IDE kann das, weil sie mit dem *Code* und nicht mit *bunten Text* arbeitet. Der Unterschied mag anfangs äußerlich nicht auffallen, aber der ist einfach so enorm, dass sich Texteditoren sehr schnell als völlig unbrauchbar herausstellen.

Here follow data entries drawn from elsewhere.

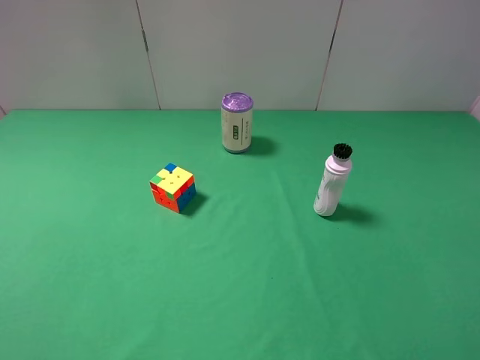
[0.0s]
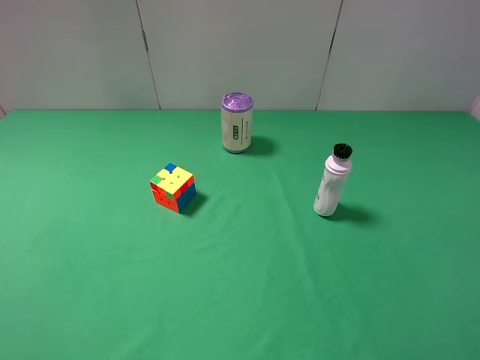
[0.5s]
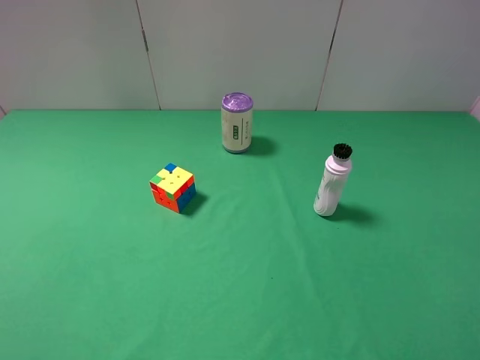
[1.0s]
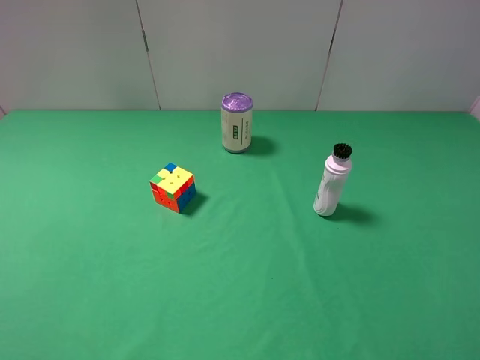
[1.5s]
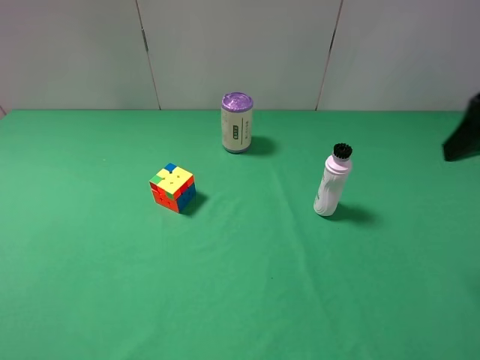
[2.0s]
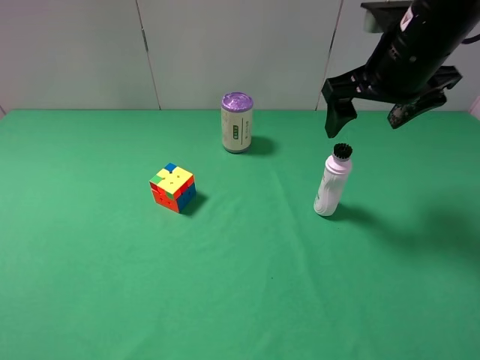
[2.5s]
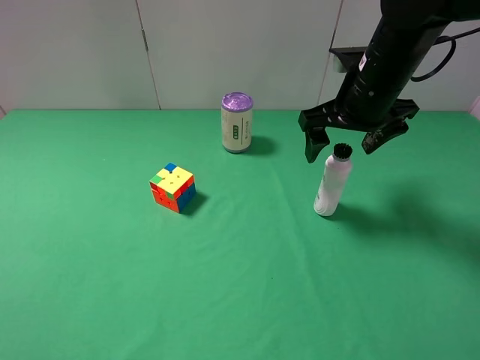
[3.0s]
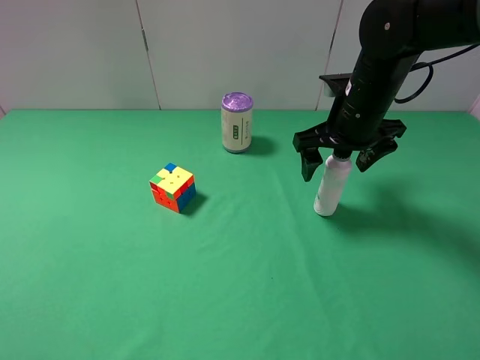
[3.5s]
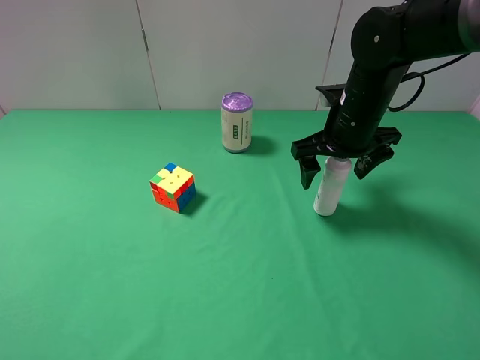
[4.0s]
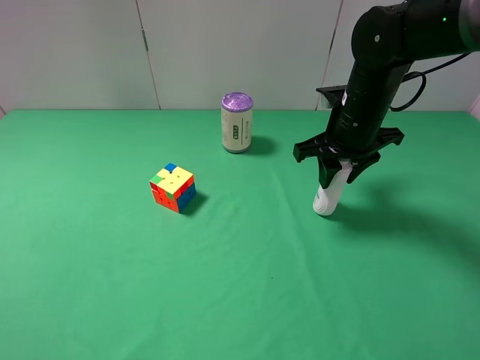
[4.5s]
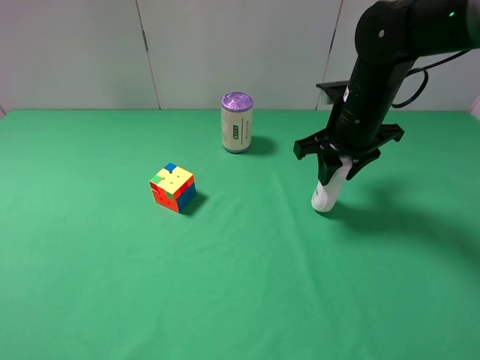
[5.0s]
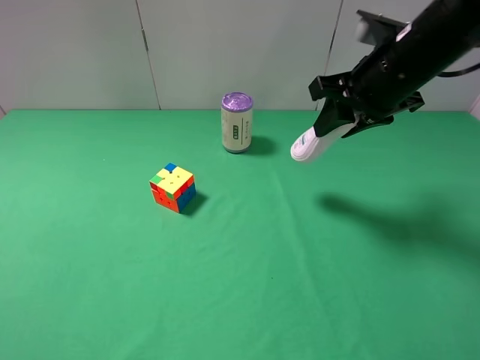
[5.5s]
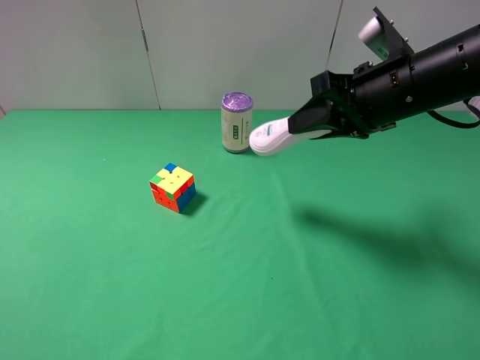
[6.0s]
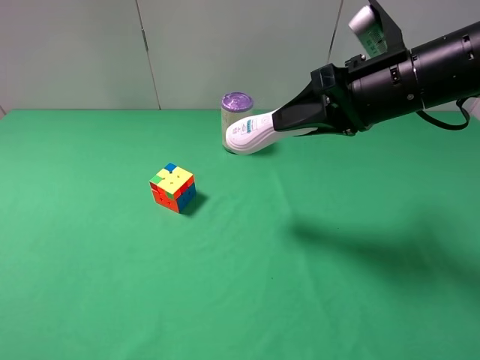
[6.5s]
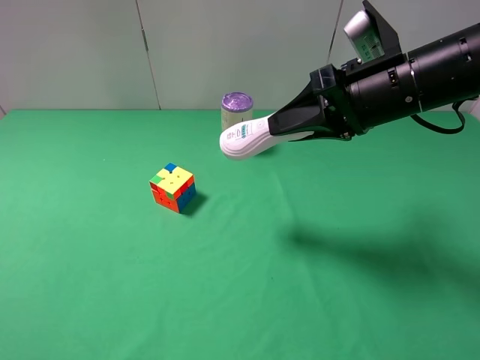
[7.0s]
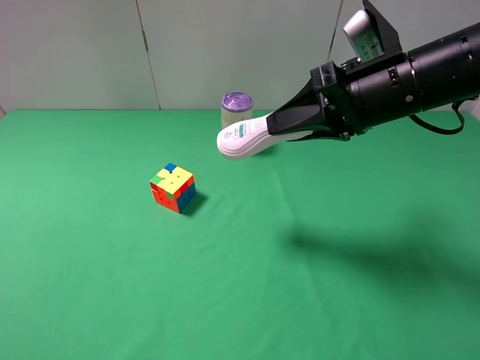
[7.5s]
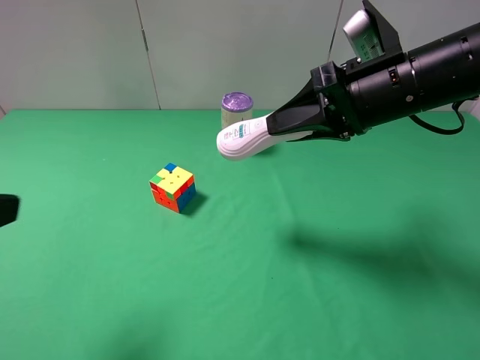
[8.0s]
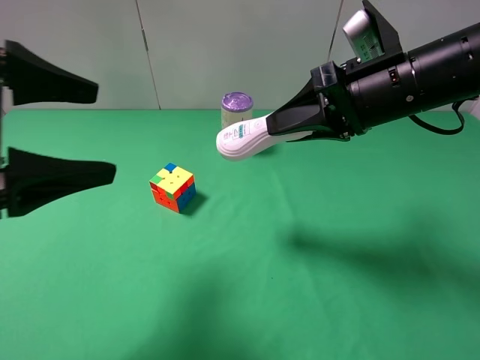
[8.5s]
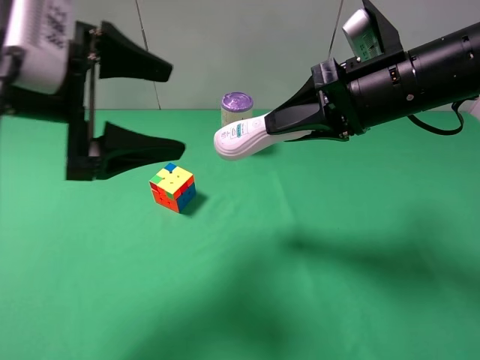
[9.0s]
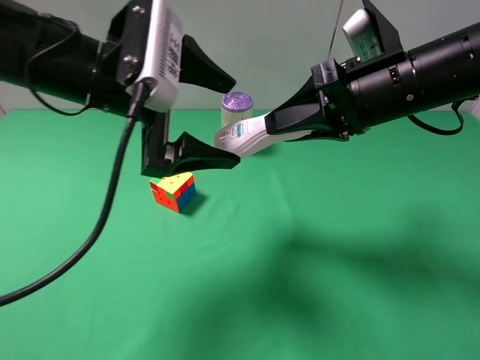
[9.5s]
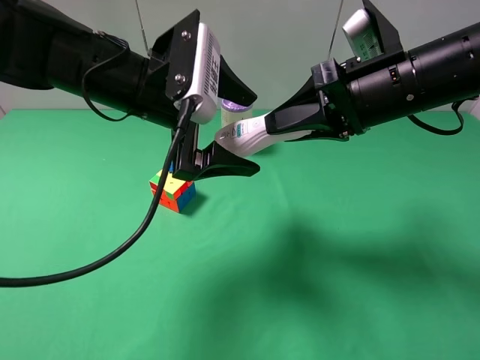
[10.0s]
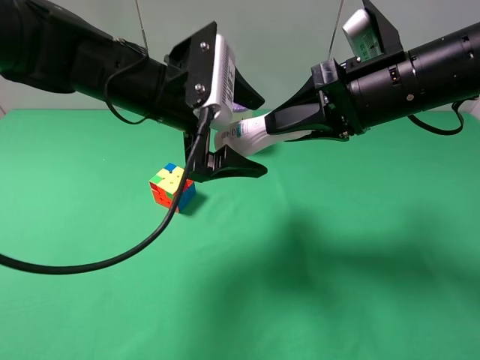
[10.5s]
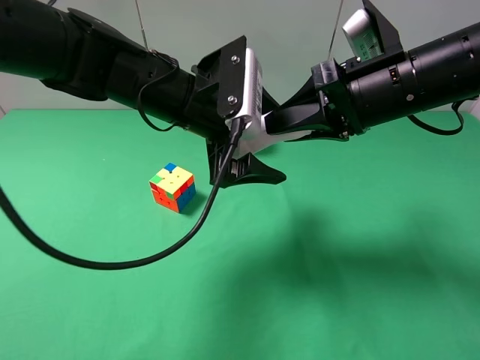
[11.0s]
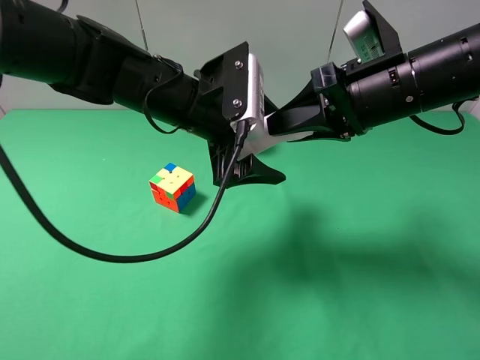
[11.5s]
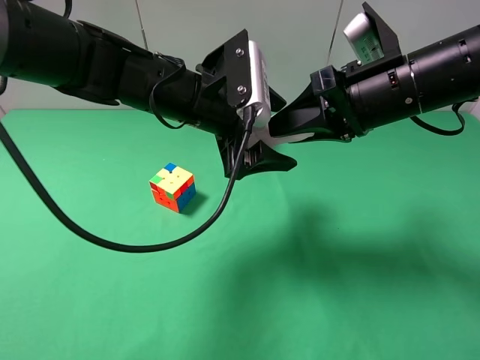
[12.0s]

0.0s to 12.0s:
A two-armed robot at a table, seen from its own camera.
Task of the whole recording: use the right gripper to pick up the item and transfer it from the right gripper to the left gripper.
0.0s to 2.0s: The right gripper shifts approximately 20 cm forward.
2.0s to 4.0s: The right gripper heads forward, downward and to the left, covering some 25 cm.
4.0s to 6.0s: The right gripper travels upward and backward by approximately 10 cm, and closes up.
6.0s to 8.0s: The left gripper is displaced forward by some 10 cm.
8.0s to 10.0s: The left gripper shifts about 25 cm forward and to the right.
10.0s to 12.0s: The left gripper shifts by some 5 cm.

Hab' mal vor kurzem versucht, in einem einfachen texteditor ein kurzes Programm einzutippen... Einmal Alt+Shift+R gedrückt... nichts passiert => Schluss. Ich werde niemals wieder einfache Texteditoren benutzen, weil man damit Variablen nicht umbenennen kann. Das ist für mich schon Grund genug.


----------



## Ark (23. Mrz 2009)

icarus2 hat gesagt.:


> Ich habe mir schon öfters überlegt auf Eclipse oder ähnliches umzusteigen. Wie ich hier höre benutzen fast alle irgendwelche Entwicklungsumgebungen. Wie mächtig und nützlich sind die?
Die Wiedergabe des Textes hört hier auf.